I am actually what I believe to be 25 dpo. I still am getting bfns on frer even though AF is 6 days late now. But in the last 8-10 days I have had many bouts of nausea. Strange cramps in both my gut and my lower back. lots of strange almost creamy cm. In the last 3 days I have had many many headaches and smells have bothered me more than anything. Last night I could even smell peanut butter when I tried to make a sandwich. 
Has anyone experienced a 4 week wait? Haha


----------



## mummy3ds

loving.you with my youngest 2 I was 6 weeks pg when I tested positive!! I really dont know why Im bothering testing so early lol x


----------



## Emmyxxlou

lol. I am very tempted to POAS! lol. I will wait until saturday though because I have a lot going on in the next 2-3 days so saturday will be the day to test


----------



## Emmyxxlou

Actually need ask, My stomach hurts a little when i lay on it too. I am only 7dpo though. anyone ?


----------



## loving.you

mummy3ds said:


> loving.you with my youngest 2 I was 6 weeks pg when I tested positive!! I really dont know why Im bothering testing so early lol x

That is rather reassuring. AF has never been this late for me before. The FRER don't seem to be picking it up. I thought I saw faint line on my test yesterday but it was a blue dye equate brand so I know it could be a nasty evap. I can't wait to find out. This would be my first =)


----------



## loving.you

Emmyxxlou said:


> Actually need ask, My stomach hurts a little when i lay on it too. I am only 7dpo though. anyone ?
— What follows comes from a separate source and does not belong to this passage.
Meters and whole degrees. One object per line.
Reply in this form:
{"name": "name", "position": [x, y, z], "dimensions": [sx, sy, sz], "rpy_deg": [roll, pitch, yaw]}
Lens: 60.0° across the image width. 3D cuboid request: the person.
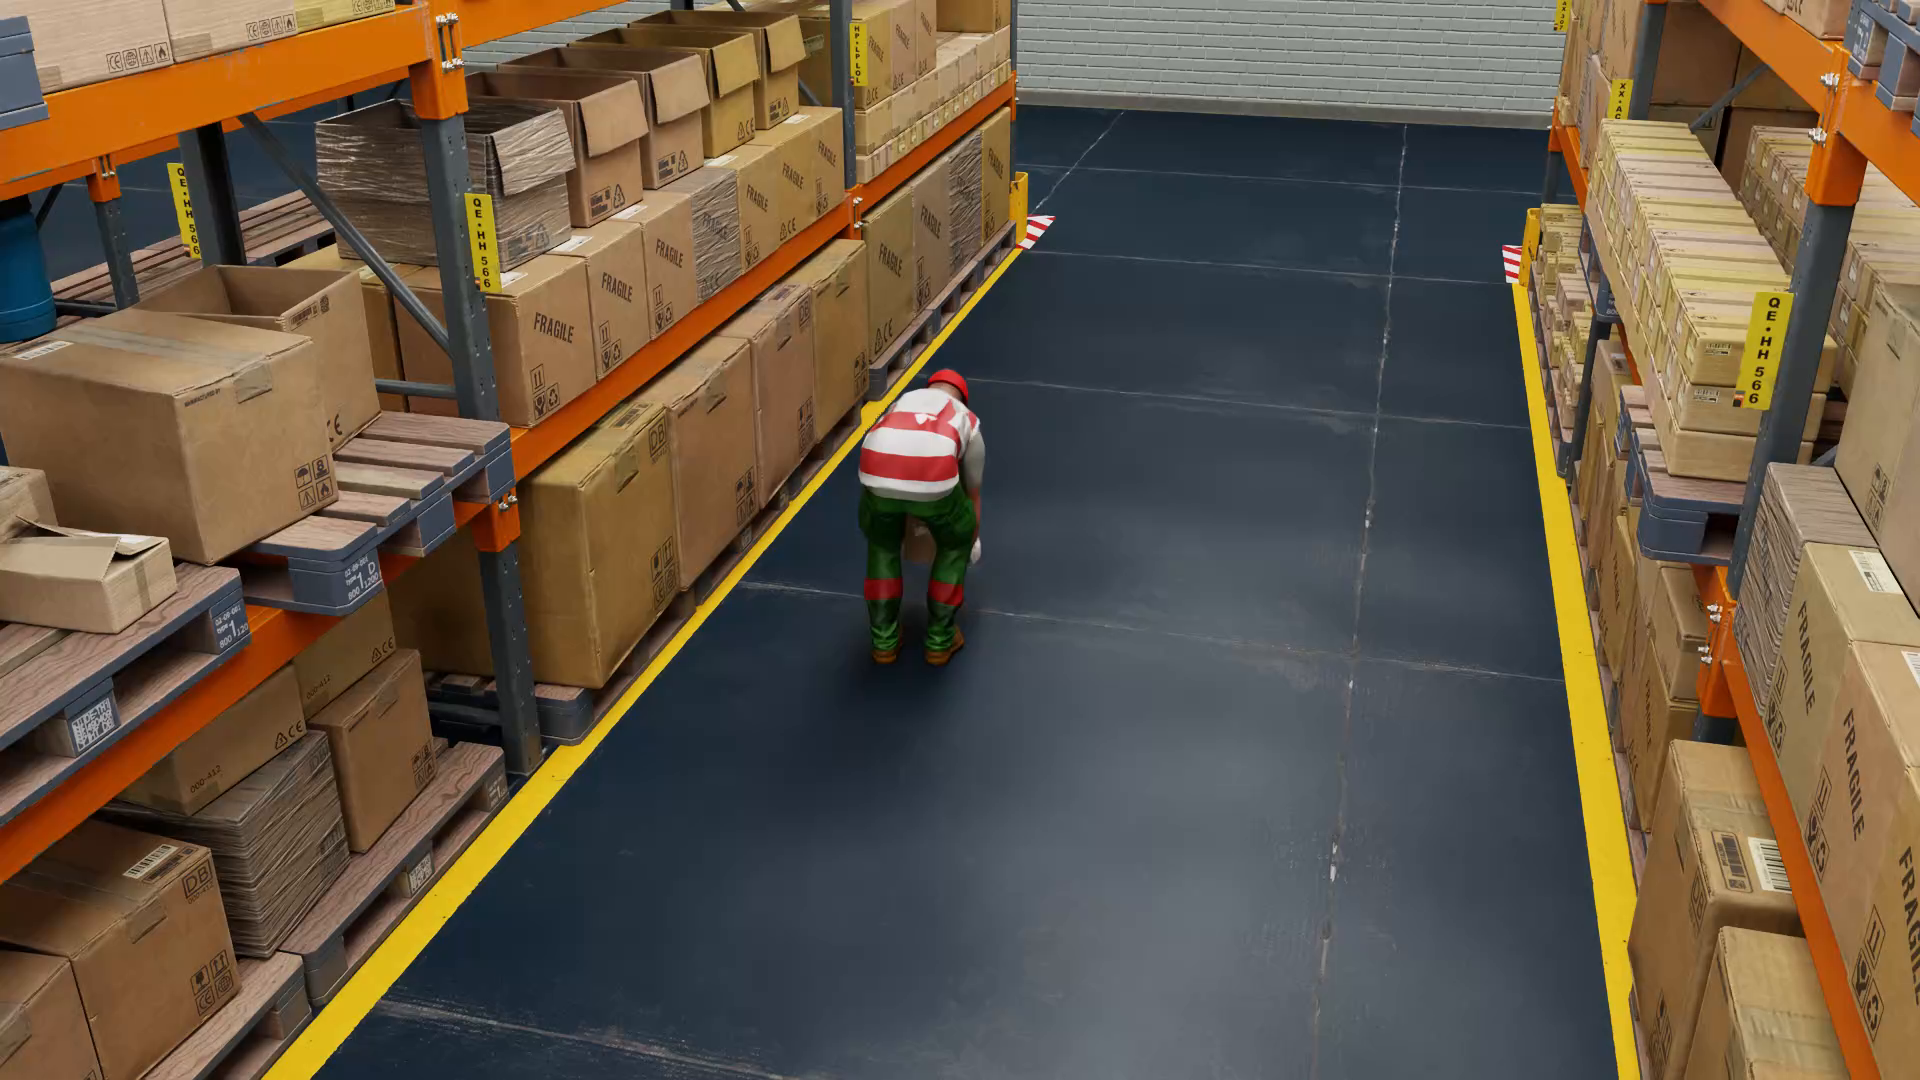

I haven't laid on my stomach lately mostly because I don't want to get used to it lol. But when I lay down at night, sometimes I feel various twinges. I often fall asleep with my hand on my lower abdomen, wishful thinking and wanting I suppose


----------



## Emmyxxlou

Well I think i should stop symptom spotting because I will drive myself crazy!!


----------



## mdjoy

Emmyxxlou said:


> Well I think i should stop symptom spotting because I will drive myself crazy!!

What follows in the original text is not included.